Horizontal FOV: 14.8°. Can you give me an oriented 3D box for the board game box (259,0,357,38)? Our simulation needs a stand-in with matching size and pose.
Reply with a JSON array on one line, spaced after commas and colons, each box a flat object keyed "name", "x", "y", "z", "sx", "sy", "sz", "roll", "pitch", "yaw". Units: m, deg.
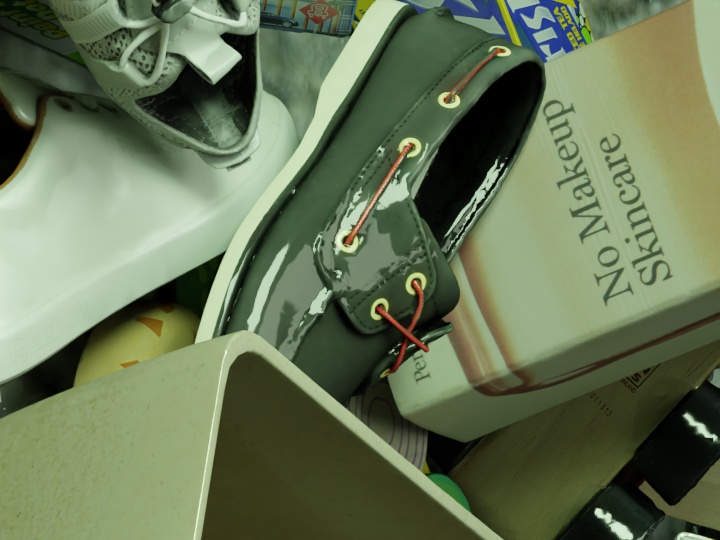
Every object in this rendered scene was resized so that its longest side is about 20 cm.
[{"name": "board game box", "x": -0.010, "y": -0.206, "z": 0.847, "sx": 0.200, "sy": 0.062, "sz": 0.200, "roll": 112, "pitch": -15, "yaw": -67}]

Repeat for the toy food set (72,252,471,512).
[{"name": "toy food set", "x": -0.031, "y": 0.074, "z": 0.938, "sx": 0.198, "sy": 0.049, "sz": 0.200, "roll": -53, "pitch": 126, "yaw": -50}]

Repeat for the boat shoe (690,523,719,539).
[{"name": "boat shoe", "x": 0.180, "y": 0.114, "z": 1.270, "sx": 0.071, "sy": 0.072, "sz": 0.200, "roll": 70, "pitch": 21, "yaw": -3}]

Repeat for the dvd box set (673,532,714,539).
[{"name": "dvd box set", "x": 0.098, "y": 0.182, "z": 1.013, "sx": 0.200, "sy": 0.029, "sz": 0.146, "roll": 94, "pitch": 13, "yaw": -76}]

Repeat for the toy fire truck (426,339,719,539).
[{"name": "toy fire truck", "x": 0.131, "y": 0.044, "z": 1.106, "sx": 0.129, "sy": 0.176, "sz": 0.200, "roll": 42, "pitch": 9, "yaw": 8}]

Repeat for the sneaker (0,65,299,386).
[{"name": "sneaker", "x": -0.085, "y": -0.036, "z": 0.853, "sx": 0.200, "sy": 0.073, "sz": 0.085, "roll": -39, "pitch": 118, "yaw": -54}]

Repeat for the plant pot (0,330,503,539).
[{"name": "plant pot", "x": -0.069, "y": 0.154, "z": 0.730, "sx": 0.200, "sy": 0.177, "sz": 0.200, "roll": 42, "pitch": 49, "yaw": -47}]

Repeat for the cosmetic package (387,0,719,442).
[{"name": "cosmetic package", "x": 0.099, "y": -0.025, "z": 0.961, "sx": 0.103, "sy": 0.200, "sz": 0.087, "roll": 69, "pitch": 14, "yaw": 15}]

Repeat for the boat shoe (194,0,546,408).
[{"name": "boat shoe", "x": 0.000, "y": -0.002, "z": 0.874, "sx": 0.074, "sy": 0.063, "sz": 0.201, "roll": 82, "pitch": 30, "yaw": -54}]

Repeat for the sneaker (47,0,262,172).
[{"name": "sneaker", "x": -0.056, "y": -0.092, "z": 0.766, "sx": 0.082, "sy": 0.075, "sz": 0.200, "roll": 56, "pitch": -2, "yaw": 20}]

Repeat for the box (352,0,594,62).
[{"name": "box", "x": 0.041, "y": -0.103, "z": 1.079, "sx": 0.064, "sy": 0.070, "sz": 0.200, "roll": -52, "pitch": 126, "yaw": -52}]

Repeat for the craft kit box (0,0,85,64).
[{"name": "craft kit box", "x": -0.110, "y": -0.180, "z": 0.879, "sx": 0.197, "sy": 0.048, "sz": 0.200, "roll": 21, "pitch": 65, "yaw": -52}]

★ ★ ★

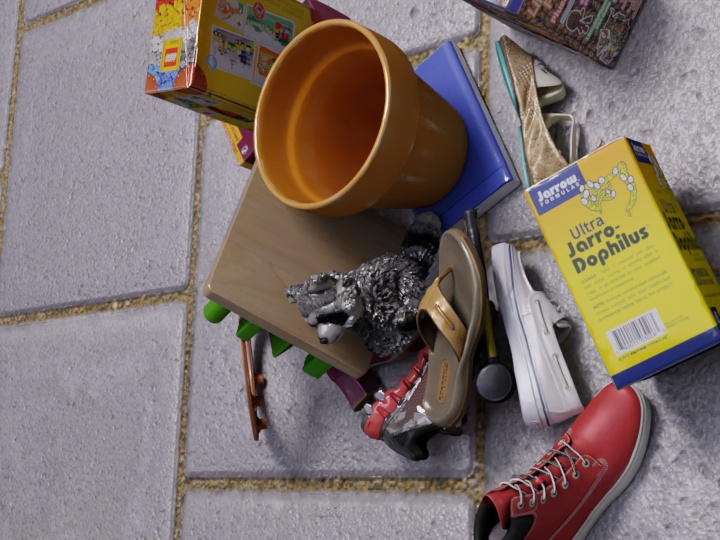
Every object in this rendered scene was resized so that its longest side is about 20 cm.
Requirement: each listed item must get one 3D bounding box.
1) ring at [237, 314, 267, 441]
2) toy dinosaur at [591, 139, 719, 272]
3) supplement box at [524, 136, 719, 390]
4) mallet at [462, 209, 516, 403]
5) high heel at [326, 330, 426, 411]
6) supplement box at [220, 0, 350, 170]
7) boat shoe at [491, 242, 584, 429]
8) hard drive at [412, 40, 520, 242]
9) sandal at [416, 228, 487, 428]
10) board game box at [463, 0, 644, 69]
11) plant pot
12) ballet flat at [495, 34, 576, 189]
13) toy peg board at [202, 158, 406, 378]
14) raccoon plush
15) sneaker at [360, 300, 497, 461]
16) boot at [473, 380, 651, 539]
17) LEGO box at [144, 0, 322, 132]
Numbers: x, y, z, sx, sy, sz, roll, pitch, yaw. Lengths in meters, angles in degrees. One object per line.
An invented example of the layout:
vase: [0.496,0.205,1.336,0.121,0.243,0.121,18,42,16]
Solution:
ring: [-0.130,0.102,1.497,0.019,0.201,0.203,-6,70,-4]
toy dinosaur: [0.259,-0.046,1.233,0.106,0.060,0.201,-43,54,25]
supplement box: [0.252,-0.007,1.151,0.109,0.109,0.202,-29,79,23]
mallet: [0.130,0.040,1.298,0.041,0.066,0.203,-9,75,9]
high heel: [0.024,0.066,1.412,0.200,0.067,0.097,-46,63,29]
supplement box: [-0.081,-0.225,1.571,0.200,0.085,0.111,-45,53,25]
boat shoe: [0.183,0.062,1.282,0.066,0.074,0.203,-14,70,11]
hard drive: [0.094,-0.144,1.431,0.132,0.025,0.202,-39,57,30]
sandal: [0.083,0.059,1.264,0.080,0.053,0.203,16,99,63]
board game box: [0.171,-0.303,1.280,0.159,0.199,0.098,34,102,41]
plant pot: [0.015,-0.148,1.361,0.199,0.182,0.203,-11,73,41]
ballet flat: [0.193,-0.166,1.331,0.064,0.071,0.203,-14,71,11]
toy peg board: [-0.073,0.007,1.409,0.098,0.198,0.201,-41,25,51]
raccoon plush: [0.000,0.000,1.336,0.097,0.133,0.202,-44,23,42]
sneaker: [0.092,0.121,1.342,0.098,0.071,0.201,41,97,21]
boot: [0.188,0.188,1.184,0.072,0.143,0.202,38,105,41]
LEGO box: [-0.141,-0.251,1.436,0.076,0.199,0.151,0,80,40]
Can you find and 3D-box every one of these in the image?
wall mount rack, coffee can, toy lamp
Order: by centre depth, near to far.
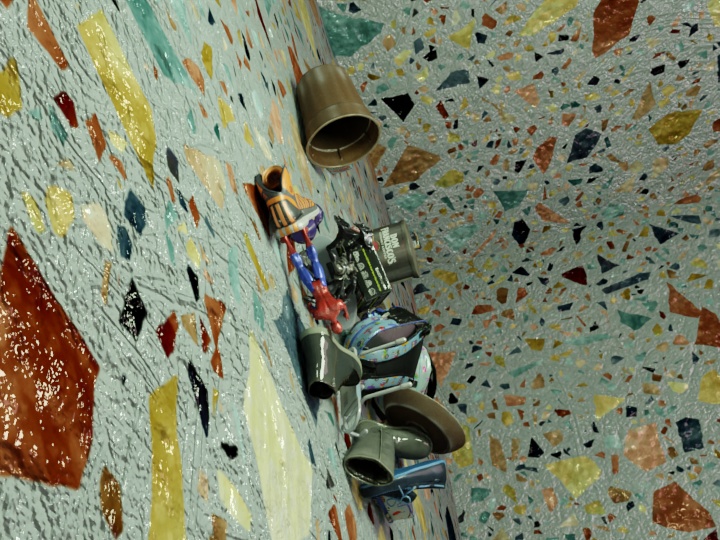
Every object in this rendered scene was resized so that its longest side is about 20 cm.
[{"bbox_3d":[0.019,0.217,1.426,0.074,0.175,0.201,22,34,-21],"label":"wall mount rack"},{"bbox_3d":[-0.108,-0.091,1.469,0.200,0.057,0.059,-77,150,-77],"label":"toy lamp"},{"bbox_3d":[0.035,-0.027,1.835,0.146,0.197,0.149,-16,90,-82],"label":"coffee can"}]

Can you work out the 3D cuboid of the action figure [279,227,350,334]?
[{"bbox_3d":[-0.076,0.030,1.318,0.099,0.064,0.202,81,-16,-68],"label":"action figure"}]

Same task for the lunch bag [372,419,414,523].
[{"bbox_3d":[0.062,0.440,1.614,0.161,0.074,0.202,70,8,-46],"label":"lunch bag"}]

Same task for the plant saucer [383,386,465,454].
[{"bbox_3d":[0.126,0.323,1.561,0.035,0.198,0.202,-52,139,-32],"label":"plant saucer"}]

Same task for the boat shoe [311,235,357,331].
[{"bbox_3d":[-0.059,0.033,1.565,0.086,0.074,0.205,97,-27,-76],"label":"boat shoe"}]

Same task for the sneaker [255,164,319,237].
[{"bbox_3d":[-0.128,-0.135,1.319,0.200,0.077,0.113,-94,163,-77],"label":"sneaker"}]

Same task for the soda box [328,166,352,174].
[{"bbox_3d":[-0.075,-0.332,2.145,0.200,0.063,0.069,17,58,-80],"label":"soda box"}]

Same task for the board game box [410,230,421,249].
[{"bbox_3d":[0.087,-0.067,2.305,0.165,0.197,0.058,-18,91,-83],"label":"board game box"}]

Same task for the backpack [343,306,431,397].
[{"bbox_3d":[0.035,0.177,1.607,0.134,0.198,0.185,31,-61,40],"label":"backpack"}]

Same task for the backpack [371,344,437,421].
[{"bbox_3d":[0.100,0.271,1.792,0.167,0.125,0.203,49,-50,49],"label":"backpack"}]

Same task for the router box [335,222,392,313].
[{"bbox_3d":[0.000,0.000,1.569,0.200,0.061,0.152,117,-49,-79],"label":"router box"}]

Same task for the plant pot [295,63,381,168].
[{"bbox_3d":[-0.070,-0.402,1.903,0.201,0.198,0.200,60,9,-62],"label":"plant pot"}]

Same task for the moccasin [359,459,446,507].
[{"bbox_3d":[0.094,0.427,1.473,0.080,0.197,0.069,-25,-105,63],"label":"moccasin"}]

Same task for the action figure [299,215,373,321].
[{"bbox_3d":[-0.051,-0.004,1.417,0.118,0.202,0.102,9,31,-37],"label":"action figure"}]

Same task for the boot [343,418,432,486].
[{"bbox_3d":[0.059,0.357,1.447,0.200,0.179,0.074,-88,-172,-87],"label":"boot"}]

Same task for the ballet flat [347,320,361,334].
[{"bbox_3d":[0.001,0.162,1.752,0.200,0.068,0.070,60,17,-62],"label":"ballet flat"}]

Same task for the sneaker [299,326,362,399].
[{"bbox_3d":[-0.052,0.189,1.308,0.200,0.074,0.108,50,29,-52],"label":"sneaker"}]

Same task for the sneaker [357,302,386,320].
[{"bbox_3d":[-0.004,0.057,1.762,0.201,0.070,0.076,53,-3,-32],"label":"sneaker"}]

★ ★ ★

About this exercise
If a line in the data contains the string "each", copy it.

Response to this exercise
Reply with a JSON array on one line, spaced after commas and colons, each box a flat object keyed "name", "x", "y", "z", "sx", "sy", "sz", "roll", "pitch", "yaw". Units: m, deg.
Requirement: each listed item must get one 3D bounding box.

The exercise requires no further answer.